## Exercise material
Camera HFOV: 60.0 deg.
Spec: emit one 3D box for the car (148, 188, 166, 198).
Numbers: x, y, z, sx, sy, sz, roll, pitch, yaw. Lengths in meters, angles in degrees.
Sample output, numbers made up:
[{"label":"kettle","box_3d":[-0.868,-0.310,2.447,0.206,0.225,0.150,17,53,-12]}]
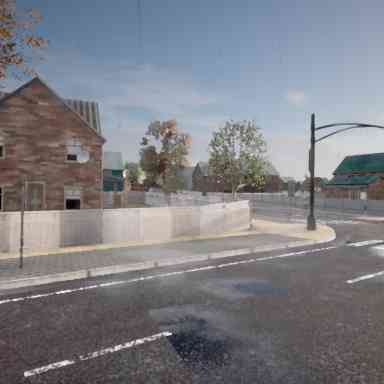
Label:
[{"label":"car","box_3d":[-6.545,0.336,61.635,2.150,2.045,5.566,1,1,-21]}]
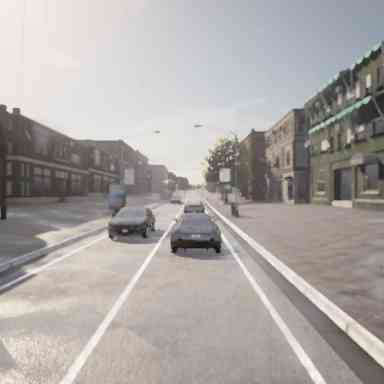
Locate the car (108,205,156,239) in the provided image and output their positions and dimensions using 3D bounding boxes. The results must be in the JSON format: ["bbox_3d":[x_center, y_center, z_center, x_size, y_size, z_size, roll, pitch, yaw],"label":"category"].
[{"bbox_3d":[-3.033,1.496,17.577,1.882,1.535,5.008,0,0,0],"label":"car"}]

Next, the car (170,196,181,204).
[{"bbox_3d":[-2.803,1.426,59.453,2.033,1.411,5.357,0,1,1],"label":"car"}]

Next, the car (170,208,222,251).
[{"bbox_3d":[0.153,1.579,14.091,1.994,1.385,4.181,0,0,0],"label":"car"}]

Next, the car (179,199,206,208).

## Task brief
Everything in the records above should be printed again exactly, except the pictures.

## Task result
Camera HFOV: 60.0 deg.
Spec: emit one 3D box for the car (148, 188, 166, 198).
Numbers: x, y, z, sx, sy, sz, roll, pitch, yaw. Lengths in meters, angles in degrees.
Sample output, numbers made up:
[{"label":"kettle","box_3d":[-0.868,-0.310,2.447,0.206,0.225,0.150,17,53,-12]}]
Label:
[{"label":"car","box_3d":[-6.545,0.336,61.635,2.150,2.045,5.566,1,1,-21]}]
Locate the car (108,205,156,239) in the provided image and output their positions and dimensions using 3D bounding boxes. The results must be in the JSON format: ["bbox_3d":[x_center, y_center, z_center, x_size, y_size, z_size, roll, pitch, yaw],"label":"category"].
[{"bbox_3d":[-3.033,1.496,17.577,1.882,1.535,5.008,0,0,0],"label":"car"}]

Next, the car (170,196,181,204).
[{"bbox_3d":[-2.803,1.426,59.453,2.033,1.411,5.357,0,1,1],"label":"car"}]

Next, the car (170,208,222,251).
[{"bbox_3d":[0.153,1.579,14.091,1.994,1.385,4.181,0,0,0],"label":"car"}]

Next, the car (179,199,206,208).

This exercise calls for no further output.